Jumping or branching is done through altering the address of the program counter (pointing to the next instruction to be executed). A simple check before branching if true, can decide if to jump. Here are two alternatives for the check, if what is on stack equal to zero, or if it is not equal to zero.

There is also a jump without a condition.

case JP:
	vm->pc = nextcode(vm);	// unconditional jump
	break;

case JPNZ:
	addr = nextcode(vm);	// JPNZ <address>
	v = pop(vm);		// pop value
	if (v != 0) {		// if the value not zero, ..
		vm->pc = addr;	// .. then go to address
	}
	break;

case JPZ:
	addr = nextcode(vm);	// JPZ <address>
	v = pop(vm);		// pop value
	if (v == 0) {		// if the value is zero, ..
		vm->pc = addr;	// .. then go to address
	}
	break;

condition

case EQ:
	b = pop(vm);
	a = pop(vm);
	push(vm, (a == b) ? TRUE : FALSE);
	break;

case GT:
	b = pop(vm);
	a = pop(vm);
	push(vm, (a > b) ? TRUE : FALSE);
	break;

case GQ:
	b = pop(vm);
	a = pop(vm);
	push(vm, (a >= b) ? TRUE : FALSE);
	break;

case LT:
	b = pop(vm);
	a = pop(vm);
	push(vm, (a < b) ? TRUE : FALSE);
	break;

case LQ:
	b = pop(vm);
	a = pop(vm);
	push(vm, (a <= b) ? TRUE : FALSE);
	break;

case NEQ:
	b = pop(vm);
	a = pop(vm);
	push(vm, (a != b) ? TRUE : FALSE);
	break;

print

There are three ways to show results from the programs: emit, print with a newline and print without a newline.

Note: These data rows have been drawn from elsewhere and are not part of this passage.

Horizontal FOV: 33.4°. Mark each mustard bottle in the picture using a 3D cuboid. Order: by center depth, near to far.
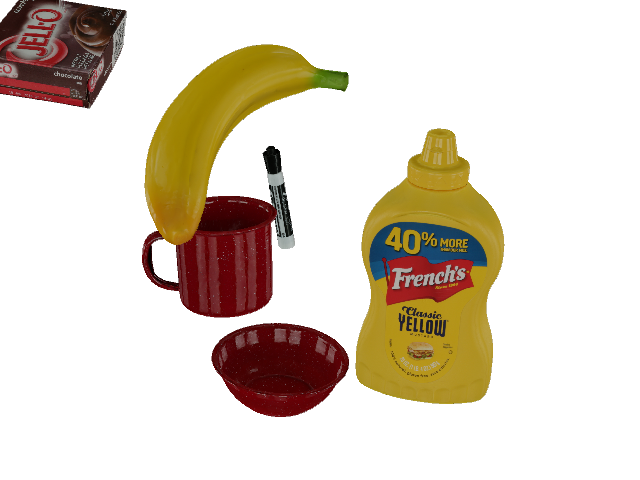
[{"bbox_3d":[0.076,0.017,0.733,0.096,0.192,0.058,8,24,13],"label":"mustard bottle"}]

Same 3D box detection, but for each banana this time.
[{"bbox_3d":[-0.055,-0.069,0.621,0.070,0.037,0.197,21,44,19],"label":"banana"}]

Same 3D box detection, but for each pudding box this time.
[{"bbox_3d":[-0.212,-0.153,0.853,0.090,0.039,0.113,10,35,0],"label":"pudding box"}]

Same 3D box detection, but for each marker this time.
[{"bbox_3d":[-0.045,-0.047,1.165,0.020,0.121,0.020,-7,29,4],"label":"marker"}]

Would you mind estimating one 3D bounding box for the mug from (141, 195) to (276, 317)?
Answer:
[{"bbox_3d":[-0.095,0.015,0.918,0.117,0.081,0.093,-4,22,-9],"label":"mug"}]

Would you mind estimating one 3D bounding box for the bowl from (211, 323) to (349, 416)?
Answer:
[{"bbox_3d":[-0.048,0.160,1.261,0.162,0.055,0.162,3,25,-1],"label":"bowl"}]
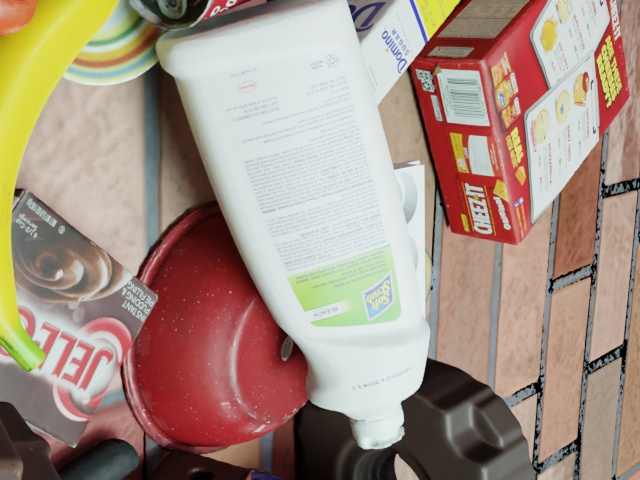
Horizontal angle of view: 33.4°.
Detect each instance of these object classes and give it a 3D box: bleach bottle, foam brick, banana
[{"bbox_3d":[-0.004,0.001,0.574,0.102,0.068,0.251,-16,109,-3],"label":"bleach bottle"},{"bbox_3d":[-0.077,0.164,0.598,0.078,0.053,0.051,-52,152,-63],"label":"foam brick"},{"bbox_3d":[-0.134,-0.046,0.467,0.069,0.037,0.198,27,71,-52],"label":"banana"}]

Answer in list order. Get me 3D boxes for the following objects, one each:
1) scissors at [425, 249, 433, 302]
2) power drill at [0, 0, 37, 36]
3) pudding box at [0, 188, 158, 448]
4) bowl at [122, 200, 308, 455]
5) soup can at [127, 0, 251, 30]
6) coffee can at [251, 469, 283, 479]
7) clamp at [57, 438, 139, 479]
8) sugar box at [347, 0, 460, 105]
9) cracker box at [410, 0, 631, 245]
[{"bbox_3d":[0.053,0.090,0.799,0.096,0.016,0.202,-20,114,-48],"label":"scissors"},{"bbox_3d":[-0.174,-0.163,0.362,0.187,0.057,0.184,-15,105,-54],"label":"power drill"},{"bbox_3d":[-0.140,0.038,0.520,0.113,0.039,0.090,47,63,-47],"label":"pudding box"},{"bbox_3d":[-0.041,0.058,0.640,0.161,0.055,0.162,-18,113,-48],"label":"bowl"},{"bbox_3d":[-0.046,-0.151,0.533,0.102,0.069,0.068,-35,125,-44],"label":"soup can"},{"bbox_3d":[-0.001,0.211,0.658,0.102,0.141,0.103,-17,112,-49],"label":"coffee can"},{"bbox_3d":[-0.156,0.149,0.532,0.171,0.039,0.120,34,66,-57],"label":"clamp"},{"bbox_3d":[0.034,-0.152,0.649,0.176,0.093,0.048,-52,134,-31],"label":"sugar box"},{"bbox_3d":[0.163,-0.126,0.838,0.213,0.072,0.164,-48,134,-35],"label":"cracker box"}]
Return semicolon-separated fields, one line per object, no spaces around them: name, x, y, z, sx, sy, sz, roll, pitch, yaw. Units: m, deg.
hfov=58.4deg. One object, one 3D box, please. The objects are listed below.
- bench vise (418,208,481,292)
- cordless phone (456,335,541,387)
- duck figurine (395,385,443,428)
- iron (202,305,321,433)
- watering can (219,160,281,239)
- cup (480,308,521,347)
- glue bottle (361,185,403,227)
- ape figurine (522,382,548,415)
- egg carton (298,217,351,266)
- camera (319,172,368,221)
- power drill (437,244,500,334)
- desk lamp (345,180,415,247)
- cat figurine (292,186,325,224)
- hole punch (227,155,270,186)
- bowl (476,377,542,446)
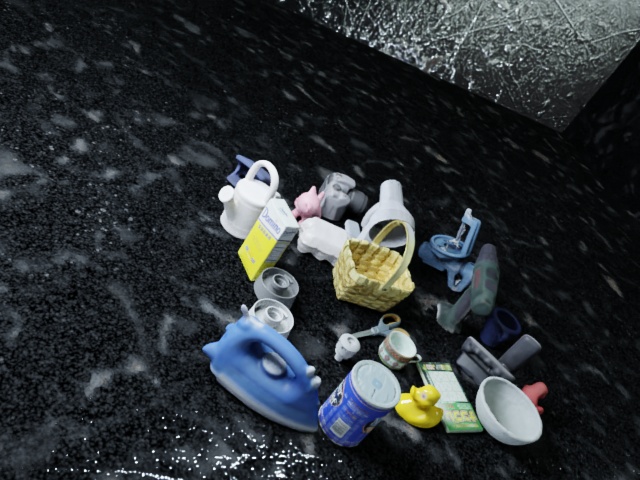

To print the characters that correspond to ASCII codes, you can "EMIT" the code. For instance a uppercase "A" use number 65 as its ASCII code. Thus, a "string" of characters can consist of putting out series of codes.

case EMIT:
	v = pop(vm);
	printf("%c", (char)v);
	break;

Another way to show results can be print with a new line at the end. As enkel/0 really only can represent positive integers, a number from the top of the stack is printed with "PRINT".

case PRINT:
	v = pop(vm);
	printf("%d\n", v);
	break;

The same goes for "PRNT", but without a new line at the end.

case PRNT:
	v = pop(vm);
	printf("%d", v);
	break;

But "PRNT" has not been used in the compiler, so it stands left as a possible extension for you to implement.

misc

case NOP:
	break;				

This "NOP" operation does nothing. It just been left here.

case HALT:
	return;

The "HALT" is actually essential to stop the program and to return to a higer level from which the program started.

case SET:
	v = nextcode(vm);
	push(vm, v);
	break;

This operator "SET" pushes a value directly after the operation, to the stack. Quite essential in out vm as it is stack based.